Data excerpts.
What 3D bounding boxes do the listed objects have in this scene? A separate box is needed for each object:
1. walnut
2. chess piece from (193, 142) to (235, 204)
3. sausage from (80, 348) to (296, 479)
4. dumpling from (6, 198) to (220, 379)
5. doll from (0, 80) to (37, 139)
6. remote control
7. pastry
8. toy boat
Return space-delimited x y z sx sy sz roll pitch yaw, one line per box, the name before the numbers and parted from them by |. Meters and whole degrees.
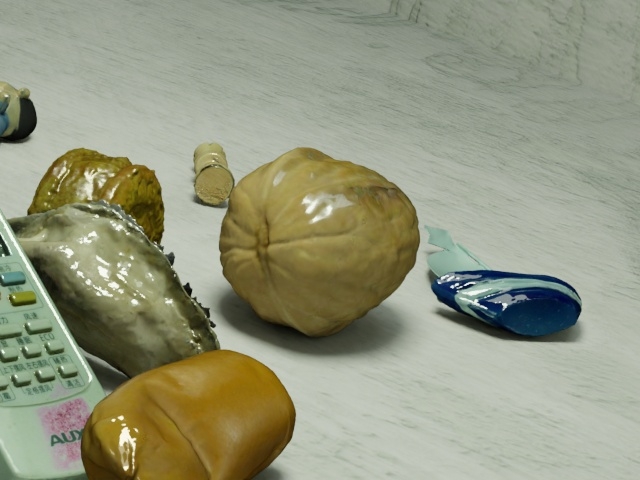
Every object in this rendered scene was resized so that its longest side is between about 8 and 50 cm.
walnut | 0.000 0.000 1.920 0.225 0.225 0.261 23 15 24
chess piece | -0.155 -0.101 2.327 0.060 0.060 0.172 11 16 -9
sausage | -0.121 0.173 1.415 0.134 0.116 0.354 60 17 5
dumpling | -0.245 0.047 1.664 0.332 0.166 0.086 21 19 15
doll | -0.462 -0.177 2.292 0.179 0.102 0.089 -15 77 -61
remote control | -0.300 0.082 1.486 0.145 0.050 0.344 -8 57 -49
pastry | -0.247 -0.004 1.796 0.103 0.188 0.189 13 18 17
toy boat | 0.241 0.051 2.162 0.210 0.070 0.291 15 16 -4
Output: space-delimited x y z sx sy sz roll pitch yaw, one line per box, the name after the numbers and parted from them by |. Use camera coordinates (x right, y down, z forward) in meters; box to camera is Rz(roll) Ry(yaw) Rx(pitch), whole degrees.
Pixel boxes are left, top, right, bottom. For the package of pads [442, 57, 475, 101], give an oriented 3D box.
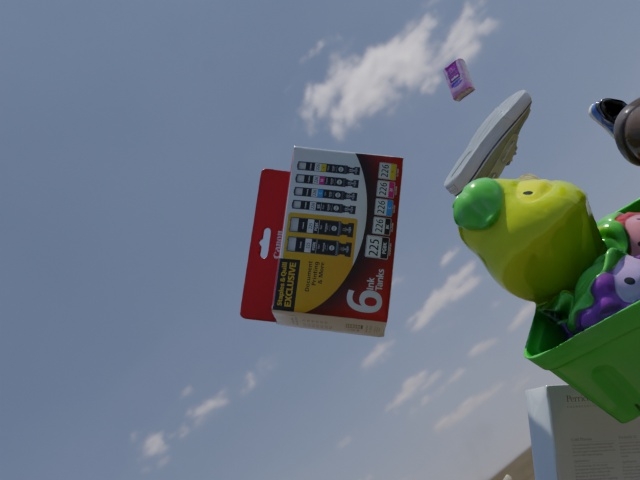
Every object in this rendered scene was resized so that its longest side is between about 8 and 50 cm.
0.301 -0.349 1.995 0.032 0.083 0.050 12 -36 -45 | package of pads

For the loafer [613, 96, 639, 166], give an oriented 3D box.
0.604 -0.213 1.307 0.366 0.134 0.130 -35 12 0 | loafer

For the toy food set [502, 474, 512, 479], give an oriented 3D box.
0.444 0.610 1.985 0.128 0.218 0.071 -47 -37 -8 | toy food set

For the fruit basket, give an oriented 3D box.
0.379 0.018 1.275 0.283 0.392 0.392 -34 -14 32 | fruit basket

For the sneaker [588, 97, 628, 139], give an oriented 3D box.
0.682 -0.266 2.071 0.058 0.152 0.084 -51 0 -6 | sneaker

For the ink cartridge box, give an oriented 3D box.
0.000 0.000 1.662 0.271 0.310 0.130 6 -17 3 | ink cartridge box

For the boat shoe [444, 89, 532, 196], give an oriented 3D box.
0.395 -0.207 2.087 0.302 0.094 0.109 -52 12 -11 | boat shoe

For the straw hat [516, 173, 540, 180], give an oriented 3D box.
0.375 -0.058 1.774 0.061 0.144 0.144 -2 -36 -27 | straw hat

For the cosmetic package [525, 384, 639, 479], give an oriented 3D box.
0.534 0.370 1.476 0.377 0.285 0.097 0 -13 -12 | cosmetic package

Problem description. Your task is to find every line above containing the word "space" and copy it.

Result.
Return space-delimited x y z sx sy sz roll pitch yaw, one line per box, the name before the numbers and parted from them by |. Meters and whole degrees.
Output: space-delimited x y z sx sy sz roll pitch yaw, one line per box, the name after the numbers and parted from them by |. Use camera coordinates (x right, y down, z forward) in meters; box to camera is Rz(roll) Ry(yaw) Rx(pitch), whole degrees.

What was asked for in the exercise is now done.